[Data items]
Start of Block

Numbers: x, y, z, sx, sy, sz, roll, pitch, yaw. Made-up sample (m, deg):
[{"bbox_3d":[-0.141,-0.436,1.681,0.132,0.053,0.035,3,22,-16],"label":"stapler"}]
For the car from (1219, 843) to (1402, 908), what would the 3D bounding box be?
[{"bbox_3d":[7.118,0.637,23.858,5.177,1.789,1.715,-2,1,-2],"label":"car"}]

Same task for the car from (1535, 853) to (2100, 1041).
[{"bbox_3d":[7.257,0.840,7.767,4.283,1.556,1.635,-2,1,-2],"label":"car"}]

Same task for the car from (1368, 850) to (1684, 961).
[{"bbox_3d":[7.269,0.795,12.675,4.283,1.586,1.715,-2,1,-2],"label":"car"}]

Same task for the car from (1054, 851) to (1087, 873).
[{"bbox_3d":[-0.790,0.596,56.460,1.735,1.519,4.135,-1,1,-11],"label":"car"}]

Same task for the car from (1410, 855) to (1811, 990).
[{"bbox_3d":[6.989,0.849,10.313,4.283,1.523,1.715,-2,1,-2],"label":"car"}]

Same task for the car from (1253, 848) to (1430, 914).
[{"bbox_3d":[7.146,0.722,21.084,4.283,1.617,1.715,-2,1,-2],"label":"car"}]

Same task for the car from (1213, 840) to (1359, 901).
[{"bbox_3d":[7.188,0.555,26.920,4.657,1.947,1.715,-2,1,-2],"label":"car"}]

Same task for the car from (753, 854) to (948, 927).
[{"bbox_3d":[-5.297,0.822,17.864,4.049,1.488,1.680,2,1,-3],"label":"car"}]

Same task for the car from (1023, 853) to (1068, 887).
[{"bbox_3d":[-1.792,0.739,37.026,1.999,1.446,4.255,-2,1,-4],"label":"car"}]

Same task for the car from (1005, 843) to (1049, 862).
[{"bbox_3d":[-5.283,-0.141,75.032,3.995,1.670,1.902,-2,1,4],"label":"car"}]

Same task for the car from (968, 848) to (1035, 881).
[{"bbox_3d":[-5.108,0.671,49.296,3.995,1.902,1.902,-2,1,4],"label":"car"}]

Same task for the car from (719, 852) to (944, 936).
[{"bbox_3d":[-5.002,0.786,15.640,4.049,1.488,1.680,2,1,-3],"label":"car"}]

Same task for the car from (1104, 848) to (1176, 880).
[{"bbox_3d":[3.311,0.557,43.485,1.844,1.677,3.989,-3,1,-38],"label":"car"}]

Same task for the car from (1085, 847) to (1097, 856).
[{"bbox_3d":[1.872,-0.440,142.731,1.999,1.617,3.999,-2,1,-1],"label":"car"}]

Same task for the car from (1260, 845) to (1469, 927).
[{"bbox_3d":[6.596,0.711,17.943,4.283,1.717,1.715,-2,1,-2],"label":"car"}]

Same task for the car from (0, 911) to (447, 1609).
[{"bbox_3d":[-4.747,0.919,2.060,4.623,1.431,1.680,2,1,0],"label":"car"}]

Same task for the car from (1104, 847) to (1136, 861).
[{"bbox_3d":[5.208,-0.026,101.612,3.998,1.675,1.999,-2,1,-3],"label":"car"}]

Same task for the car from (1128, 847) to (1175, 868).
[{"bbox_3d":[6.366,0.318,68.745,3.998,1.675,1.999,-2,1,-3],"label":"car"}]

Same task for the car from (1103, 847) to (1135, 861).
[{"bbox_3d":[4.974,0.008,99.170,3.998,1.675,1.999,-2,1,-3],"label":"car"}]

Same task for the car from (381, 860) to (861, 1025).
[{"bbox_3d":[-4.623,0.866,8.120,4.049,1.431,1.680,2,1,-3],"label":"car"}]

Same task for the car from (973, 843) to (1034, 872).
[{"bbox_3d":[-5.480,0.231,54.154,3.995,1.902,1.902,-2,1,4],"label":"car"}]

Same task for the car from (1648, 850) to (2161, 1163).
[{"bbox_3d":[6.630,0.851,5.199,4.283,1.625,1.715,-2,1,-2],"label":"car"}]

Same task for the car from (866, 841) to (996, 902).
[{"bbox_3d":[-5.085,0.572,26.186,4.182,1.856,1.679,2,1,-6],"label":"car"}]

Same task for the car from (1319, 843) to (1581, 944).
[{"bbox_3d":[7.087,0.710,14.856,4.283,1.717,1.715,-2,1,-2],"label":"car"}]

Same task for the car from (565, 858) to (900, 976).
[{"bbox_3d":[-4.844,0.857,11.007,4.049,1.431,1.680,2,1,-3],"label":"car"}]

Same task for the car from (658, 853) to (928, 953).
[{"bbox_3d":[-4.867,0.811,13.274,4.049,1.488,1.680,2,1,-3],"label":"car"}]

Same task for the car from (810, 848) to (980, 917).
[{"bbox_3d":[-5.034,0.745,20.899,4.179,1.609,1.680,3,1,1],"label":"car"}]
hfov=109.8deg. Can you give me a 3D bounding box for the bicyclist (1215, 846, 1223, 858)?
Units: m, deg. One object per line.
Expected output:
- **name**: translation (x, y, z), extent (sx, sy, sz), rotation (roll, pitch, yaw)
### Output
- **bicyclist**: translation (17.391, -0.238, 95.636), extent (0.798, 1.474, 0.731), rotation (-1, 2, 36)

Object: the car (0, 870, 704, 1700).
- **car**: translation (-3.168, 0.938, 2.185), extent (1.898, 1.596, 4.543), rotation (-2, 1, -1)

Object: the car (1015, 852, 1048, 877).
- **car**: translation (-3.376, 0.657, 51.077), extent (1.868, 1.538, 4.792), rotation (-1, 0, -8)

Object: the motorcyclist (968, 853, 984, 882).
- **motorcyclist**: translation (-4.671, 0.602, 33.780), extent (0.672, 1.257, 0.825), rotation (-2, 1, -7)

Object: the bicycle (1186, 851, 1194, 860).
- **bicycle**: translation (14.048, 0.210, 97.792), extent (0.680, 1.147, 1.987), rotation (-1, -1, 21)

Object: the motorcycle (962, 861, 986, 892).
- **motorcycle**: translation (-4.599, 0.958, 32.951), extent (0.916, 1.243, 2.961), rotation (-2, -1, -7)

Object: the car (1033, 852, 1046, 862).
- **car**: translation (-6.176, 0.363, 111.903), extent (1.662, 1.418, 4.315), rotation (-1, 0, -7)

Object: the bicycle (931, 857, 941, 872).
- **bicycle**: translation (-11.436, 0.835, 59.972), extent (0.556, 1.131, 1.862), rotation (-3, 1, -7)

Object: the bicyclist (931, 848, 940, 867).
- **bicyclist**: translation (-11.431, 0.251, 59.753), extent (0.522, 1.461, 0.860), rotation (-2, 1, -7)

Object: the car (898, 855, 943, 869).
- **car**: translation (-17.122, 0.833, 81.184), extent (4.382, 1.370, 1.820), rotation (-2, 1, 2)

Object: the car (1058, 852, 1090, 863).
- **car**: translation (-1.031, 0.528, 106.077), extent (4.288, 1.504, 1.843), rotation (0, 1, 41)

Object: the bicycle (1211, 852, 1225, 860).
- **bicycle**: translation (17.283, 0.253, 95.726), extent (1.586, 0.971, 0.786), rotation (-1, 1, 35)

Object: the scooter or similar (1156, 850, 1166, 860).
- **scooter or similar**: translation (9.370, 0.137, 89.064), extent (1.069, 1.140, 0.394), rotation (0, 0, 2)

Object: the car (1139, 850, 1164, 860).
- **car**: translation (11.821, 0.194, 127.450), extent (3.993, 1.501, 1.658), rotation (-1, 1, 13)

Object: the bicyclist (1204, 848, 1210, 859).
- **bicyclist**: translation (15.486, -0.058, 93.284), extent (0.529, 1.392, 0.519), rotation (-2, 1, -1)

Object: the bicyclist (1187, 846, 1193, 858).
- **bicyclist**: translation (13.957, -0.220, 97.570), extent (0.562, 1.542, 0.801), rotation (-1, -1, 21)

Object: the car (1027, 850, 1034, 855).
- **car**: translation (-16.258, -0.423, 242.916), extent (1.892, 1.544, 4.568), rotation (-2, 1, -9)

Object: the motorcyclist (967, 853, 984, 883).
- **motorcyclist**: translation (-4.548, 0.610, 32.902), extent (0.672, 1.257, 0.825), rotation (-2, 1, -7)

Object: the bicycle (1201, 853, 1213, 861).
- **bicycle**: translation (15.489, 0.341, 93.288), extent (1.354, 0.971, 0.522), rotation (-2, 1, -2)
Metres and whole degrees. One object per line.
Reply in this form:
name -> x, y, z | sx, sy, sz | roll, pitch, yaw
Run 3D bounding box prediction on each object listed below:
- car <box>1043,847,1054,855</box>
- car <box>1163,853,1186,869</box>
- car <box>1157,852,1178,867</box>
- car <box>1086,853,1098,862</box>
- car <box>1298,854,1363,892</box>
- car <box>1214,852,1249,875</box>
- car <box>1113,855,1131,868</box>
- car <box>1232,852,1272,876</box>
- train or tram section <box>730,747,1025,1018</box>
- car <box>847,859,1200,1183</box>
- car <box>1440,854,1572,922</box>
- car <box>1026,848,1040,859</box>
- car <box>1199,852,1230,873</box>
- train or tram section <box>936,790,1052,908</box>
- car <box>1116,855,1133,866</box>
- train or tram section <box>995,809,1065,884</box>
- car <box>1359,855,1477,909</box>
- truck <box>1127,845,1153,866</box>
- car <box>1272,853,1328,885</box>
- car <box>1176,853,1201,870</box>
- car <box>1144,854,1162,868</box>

End of Block

_Work instructions_
Scan the data above. Return every line with "pitch" in it.

_Answer to this task_
Numbers: x, y, z, sx, sy, sz, roll, pitch, yaw. Made-up sample (m, deg):
- **name**: translation (x, y, z), extent (sx, sy, sz), rotation (roll, pitch, yaw)
name -> x, y, z | sx, sy, sz | roll, pitch, yaw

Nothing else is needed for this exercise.